LONDON—California-based Chevron Corp. remains committed to Venezuela, home to the largest oil reserves in the world, Clay Neff, president, international E&P at Chevron, told Hart Energy on the sidelines of the Energy Intelligence (EI) Forum in London.
“We’re committed to Venezuela, we’re just complying with all the sanctions that are in place,” Neff said Oct. 5. “We’ve been in the country for over 100 years and we have employees there and we’re committed to our employees and the communities where we operate,” the executive reiterated.
Chevron is the lone U.S. oil producer with a presence in Venezuela. The company’s local affiliate, Chevron Venezuela, has survived the migration process in the Orinoco Heavy Oil Belt or Faja initiated by late Venezuelan President Hugo Chavez in the mid-to-late 2000s and continues to weather another type of storm produced by U.S. sanctions imposed on the country’s oil sector in early 2019.
“We’ve been in [Venezuela] for over 100 years and we have employees there and we’re committed to our employees and the communities where we operate.”—Clay Neff, Chevron Corp.
U.S. sanctions on Venezuela were initially announced as a move to bring down the country’s oil sector and draw Venezuelan President Nicolás Maduro to the negotiating table with the country’s U.S.-backed opposition around “free and fair” elections. Years later Maduro remains in power and Chevron’s operations, as well as those of oil service companies Baker Hughes Co., Halliburton Co., Schlumberger Ltd. and Weatherford International Plc, have all been hampered by the process.
Chevron Venezuela participates in four joint ventures in western and eastern Venezuela including Petroboscán, Petroindependiente, Petroindependencia and Petropiar. The company also has an interest in the Loran field in Block 2 offshore.
“We continue to conduct our businesses in compliance with the current sanctions framework provided by the U.S. Office of Foreign Assets Control (OFAC) under General License 8,” Chevron said in an emailed statement to Hart Energy.
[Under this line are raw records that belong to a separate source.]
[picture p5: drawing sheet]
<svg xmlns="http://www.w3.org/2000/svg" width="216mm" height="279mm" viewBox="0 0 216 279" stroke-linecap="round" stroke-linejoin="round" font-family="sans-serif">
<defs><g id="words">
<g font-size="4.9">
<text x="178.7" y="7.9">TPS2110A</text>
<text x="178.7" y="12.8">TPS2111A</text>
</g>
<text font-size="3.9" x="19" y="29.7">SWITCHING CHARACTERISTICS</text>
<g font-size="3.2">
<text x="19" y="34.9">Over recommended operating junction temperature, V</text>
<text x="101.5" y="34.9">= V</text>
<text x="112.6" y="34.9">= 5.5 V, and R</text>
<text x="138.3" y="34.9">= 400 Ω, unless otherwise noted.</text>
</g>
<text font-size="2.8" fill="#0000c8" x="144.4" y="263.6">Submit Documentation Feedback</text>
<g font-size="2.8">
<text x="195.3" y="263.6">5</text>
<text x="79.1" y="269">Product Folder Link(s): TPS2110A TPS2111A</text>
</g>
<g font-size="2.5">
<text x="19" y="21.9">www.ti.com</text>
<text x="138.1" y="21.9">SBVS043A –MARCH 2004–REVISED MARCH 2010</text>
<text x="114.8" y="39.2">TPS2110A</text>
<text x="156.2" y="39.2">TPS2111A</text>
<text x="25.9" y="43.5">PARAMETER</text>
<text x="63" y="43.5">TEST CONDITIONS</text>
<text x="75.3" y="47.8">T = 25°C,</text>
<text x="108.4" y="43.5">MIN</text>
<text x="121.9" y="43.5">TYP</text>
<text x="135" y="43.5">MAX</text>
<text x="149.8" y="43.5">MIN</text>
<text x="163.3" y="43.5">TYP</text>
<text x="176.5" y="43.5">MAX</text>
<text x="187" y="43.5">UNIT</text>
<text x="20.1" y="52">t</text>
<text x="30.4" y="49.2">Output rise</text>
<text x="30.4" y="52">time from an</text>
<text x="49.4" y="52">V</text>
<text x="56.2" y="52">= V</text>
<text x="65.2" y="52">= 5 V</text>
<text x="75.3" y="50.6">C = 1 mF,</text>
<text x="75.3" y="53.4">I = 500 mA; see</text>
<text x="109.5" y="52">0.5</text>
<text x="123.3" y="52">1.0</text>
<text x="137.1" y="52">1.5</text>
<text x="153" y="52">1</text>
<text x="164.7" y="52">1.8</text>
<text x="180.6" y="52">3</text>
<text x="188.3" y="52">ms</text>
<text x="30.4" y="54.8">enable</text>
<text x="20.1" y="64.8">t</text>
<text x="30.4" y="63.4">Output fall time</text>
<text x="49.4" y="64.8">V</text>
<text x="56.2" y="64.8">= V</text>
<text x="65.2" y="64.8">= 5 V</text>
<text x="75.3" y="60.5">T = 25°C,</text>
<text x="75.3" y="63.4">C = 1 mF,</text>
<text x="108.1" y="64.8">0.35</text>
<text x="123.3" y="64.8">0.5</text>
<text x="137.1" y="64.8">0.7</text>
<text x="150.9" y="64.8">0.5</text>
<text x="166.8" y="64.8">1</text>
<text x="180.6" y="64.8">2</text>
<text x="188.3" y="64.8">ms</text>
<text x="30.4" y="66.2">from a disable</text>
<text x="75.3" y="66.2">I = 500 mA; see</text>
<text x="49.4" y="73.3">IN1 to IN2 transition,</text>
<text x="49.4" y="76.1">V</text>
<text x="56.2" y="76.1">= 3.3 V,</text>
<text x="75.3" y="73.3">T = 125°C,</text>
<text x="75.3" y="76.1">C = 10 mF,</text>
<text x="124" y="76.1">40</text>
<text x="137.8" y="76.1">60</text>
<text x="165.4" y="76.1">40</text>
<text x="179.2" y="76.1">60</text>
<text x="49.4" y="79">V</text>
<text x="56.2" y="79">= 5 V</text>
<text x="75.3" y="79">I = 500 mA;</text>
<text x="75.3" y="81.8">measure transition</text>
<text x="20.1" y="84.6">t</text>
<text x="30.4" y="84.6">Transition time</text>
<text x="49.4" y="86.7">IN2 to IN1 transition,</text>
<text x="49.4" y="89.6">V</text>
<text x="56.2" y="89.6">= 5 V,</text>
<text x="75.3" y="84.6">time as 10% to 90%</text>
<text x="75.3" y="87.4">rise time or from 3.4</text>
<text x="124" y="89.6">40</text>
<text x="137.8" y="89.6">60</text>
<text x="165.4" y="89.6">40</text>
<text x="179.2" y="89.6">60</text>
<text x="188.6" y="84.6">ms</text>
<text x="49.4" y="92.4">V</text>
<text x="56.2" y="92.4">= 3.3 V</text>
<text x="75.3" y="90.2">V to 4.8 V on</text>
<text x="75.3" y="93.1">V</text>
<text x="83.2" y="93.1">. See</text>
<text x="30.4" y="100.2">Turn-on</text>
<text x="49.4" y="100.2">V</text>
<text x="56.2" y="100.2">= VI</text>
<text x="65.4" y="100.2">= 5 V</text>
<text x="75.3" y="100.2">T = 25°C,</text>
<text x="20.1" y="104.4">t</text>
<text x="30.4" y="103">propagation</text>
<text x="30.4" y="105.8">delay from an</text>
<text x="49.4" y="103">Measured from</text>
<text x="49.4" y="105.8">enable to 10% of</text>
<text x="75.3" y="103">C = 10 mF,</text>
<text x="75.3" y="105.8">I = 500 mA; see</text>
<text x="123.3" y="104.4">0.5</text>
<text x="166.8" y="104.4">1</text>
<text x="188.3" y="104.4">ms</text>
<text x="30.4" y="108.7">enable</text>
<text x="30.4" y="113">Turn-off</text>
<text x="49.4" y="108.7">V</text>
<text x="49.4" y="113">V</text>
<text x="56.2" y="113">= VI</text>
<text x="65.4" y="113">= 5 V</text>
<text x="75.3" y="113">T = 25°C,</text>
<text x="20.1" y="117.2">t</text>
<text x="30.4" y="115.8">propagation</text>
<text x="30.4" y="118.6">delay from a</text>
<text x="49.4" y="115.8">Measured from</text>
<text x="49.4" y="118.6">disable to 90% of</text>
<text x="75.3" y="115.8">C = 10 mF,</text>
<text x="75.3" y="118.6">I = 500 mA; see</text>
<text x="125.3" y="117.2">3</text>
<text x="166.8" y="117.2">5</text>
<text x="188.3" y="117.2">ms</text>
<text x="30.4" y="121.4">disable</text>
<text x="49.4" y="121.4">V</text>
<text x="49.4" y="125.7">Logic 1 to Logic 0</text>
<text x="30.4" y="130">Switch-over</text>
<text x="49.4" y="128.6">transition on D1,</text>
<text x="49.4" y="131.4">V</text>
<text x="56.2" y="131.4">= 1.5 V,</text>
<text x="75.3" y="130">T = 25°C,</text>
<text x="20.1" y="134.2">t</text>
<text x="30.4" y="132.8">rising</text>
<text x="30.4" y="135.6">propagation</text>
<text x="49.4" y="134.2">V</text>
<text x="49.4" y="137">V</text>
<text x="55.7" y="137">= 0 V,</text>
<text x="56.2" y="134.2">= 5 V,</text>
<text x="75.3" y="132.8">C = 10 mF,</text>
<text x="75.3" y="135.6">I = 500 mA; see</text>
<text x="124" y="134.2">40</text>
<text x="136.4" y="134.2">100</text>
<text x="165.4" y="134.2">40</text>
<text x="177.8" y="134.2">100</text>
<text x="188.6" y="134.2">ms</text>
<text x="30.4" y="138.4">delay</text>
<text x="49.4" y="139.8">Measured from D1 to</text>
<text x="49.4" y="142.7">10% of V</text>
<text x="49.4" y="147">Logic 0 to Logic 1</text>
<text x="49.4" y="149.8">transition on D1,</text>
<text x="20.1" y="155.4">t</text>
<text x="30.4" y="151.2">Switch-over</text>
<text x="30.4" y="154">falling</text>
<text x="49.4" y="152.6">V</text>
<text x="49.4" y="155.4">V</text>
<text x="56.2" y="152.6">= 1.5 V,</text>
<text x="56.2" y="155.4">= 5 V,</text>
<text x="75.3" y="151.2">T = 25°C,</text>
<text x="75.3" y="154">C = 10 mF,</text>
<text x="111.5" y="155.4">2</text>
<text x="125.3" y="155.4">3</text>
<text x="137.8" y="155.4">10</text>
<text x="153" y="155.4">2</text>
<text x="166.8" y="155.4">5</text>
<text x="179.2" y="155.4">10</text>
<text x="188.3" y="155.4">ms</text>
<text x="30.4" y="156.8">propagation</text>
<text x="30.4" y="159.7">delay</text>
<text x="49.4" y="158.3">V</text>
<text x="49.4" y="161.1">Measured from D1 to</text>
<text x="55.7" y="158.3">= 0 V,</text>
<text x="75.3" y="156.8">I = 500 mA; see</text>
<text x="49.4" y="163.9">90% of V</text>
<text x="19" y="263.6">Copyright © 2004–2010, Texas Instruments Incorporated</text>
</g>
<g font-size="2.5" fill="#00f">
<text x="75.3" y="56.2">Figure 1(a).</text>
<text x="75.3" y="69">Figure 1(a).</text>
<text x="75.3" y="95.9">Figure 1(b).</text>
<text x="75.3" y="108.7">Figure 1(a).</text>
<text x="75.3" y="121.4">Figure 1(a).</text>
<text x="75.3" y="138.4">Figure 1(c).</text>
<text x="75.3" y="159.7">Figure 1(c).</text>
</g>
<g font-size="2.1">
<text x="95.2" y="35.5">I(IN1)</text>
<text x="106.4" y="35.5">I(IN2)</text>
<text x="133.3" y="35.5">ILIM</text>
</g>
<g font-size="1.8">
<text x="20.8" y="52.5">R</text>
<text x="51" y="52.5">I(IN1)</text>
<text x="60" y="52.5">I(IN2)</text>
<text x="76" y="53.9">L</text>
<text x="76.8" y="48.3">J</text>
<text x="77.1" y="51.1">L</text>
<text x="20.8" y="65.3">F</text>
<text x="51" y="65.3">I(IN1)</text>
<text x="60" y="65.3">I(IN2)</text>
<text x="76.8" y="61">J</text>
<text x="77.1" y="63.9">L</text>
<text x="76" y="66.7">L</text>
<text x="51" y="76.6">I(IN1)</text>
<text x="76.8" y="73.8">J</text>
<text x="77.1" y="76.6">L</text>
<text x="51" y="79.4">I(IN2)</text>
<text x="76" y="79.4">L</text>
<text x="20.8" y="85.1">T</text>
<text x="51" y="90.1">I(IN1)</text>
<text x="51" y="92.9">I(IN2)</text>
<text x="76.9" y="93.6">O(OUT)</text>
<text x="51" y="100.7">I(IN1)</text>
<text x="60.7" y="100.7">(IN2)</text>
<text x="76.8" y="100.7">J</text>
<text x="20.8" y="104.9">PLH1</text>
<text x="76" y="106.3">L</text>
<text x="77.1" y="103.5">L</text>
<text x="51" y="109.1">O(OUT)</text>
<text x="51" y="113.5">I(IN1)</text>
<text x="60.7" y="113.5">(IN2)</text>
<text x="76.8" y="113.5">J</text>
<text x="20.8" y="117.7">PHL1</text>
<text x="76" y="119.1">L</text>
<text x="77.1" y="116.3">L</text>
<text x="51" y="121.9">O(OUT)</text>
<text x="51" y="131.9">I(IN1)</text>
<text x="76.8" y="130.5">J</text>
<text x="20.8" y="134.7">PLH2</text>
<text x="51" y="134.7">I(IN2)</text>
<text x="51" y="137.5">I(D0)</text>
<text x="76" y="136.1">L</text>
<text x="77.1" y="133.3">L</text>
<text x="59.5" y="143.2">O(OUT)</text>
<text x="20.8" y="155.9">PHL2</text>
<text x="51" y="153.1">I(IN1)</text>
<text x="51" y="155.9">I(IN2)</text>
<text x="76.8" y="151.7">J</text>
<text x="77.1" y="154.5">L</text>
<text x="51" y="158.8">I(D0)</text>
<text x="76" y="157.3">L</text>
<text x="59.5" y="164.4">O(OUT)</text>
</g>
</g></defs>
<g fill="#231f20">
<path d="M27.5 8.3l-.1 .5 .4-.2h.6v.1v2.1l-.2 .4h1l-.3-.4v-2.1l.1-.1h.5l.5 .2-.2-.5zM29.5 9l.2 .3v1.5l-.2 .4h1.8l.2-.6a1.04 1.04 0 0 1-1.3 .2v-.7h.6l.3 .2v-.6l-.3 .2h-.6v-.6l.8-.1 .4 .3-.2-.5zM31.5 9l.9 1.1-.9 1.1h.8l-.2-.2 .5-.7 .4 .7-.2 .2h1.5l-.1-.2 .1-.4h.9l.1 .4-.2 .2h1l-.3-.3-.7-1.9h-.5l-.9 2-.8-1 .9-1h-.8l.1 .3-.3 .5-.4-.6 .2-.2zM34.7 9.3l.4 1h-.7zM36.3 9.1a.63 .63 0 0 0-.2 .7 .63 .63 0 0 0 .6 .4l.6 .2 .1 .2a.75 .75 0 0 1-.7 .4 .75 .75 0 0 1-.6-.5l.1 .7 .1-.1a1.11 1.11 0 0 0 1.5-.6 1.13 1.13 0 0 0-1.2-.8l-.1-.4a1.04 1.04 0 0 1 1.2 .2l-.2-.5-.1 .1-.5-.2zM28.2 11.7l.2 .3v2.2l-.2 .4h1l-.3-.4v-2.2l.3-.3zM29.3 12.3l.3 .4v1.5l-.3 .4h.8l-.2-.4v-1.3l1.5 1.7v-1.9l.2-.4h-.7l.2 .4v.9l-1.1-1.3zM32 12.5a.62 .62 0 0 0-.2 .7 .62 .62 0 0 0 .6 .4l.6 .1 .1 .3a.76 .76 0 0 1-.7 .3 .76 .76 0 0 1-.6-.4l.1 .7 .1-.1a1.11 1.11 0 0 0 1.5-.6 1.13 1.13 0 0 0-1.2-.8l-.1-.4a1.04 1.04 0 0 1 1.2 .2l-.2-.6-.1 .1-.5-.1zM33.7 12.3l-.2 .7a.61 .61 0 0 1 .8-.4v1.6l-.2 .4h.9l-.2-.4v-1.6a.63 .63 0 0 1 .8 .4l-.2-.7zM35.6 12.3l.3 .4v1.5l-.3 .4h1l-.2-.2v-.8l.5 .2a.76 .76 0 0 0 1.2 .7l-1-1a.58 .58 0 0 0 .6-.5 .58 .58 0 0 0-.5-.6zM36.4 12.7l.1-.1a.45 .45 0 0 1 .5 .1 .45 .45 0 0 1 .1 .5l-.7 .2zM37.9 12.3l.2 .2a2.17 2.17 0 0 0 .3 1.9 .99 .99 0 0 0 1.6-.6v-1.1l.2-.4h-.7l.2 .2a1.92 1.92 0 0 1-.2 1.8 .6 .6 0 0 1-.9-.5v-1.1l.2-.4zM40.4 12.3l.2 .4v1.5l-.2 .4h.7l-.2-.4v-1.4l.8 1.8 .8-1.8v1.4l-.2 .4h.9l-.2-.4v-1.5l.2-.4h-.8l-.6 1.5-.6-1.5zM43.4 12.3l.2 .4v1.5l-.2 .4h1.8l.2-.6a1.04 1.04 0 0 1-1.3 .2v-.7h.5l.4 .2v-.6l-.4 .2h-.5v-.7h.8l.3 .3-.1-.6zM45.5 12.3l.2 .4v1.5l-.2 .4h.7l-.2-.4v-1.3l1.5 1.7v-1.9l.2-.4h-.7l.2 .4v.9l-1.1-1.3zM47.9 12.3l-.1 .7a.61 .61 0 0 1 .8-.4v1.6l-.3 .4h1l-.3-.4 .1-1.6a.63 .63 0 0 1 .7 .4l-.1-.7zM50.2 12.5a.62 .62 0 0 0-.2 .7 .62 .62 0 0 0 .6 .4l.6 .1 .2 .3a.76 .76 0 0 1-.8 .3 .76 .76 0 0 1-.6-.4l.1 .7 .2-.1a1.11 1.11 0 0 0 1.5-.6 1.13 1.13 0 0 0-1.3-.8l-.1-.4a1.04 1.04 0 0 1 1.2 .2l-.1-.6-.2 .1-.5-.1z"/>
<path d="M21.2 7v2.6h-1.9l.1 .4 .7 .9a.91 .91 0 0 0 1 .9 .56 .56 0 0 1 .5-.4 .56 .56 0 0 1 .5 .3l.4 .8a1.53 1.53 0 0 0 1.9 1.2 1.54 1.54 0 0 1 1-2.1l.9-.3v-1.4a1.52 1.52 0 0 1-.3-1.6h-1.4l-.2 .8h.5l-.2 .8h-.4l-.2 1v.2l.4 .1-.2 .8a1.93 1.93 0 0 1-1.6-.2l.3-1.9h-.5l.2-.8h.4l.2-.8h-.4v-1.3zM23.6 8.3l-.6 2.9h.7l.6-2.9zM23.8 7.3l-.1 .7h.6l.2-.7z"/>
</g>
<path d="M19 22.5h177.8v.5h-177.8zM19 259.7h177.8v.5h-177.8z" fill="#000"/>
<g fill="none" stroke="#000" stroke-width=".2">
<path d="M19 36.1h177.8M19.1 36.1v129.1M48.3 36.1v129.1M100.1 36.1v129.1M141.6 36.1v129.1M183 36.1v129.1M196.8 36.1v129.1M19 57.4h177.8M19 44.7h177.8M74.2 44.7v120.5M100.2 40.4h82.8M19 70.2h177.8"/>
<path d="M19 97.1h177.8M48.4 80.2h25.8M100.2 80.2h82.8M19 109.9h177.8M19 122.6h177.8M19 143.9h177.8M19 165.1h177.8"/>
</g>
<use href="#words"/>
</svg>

“We are a constructive presence in Venezuela, where we have dedicated investments and a large workforce who are dependent on our presence. We remain committed to the safety and wellbeing of our employees and their families, the integrity of our joint venture assets, and the company’s social and humanitarian programs during these challenging times,” Chevron added.
Washington recently increased engagements with Maduro’s government around elections and, in particular, the return to negotiations in Mexico between officials from the ruling party government and opposition leaders. “Free and fair” elections are Washington’s primary objective in Venezuela and the only democratic potential to achieve regime change.
Washington is ready to ease sanctions on Venezuela to allow Chevron to “resume pumping oil there, paving the way for a potential reopening of U.S. and European markets to oil exports from Venezuela,” the Wall Street Journal reported on Oct. 5, citing people familiar with the proposal.
The journal said details were still under discussion and cautioned that the deal could fail to materialize since it depends on Maduro fulfilling certain obligations related to talks in Mexico.
The U.S. Treasury, Venezuela’s state oil company PDVSA and the country’s oil ministry didn’t immediately reply to emails seeking comment to verify the reports from the journal.
Prior to his departure from the South Lawn of The White House on October 6, U.S. President Joe Biden, when asked by reporters what Venezuela needed to do in order for Washington to ease sanctions replied “a lot.”
The governments of the U.S. and Venezuela continue to make progress in their negotiations, a Caracas-based consultant told Hart Energy on the sidelines of the EI event in London, who requested anonymity due to the sensitivity of the issue. The executive said there was some potential for Venezuela to boost its oil production but downplayed the ability of Italy’s Eni SpA and Spain’s Repsol SA to boost gas production from their Cardon IV project further to support exports to Colombia.
A recent U.S.-Venezuela prisoner swap saw seven from the U.S. walk free in exchange for the release of nephews of Venezuela’s first lady arrested in 2015 for drug trafficking. The swap “was a big deal for the Biden administration, although Washington remains cautious about appearing overly cozy with Caracas,” Washington-based Rapidan Energy Group said Sept. 5 in a note to clients.
“The most likely option for sanctions relief is for Biden to grant more flexibility to U.S. companies under [General License 8], which will expire on December 1,” Rapidan said.
“If Biden expands GL8 beyond the five companies currently included and allows companies to resume JV operations, commercialize oil to U.S. refineries, and source diluents and equipment to service their operations, Venezuelan production could reach approximately 1 [million barrels per day] in [the first quarter of 2023], up 400,000 bbl/day from current levels,” the group added.
Venezuela’s production capacity most recently peaked at around 3.2 million bbl/day in 2008, but has been in continued decline over the last decade amid mismanagement of oil revenues, an absence of maintenance and underinvestment in its oil sector owing to ongoing economic and political uncertainties and most recently U.S. sanctions.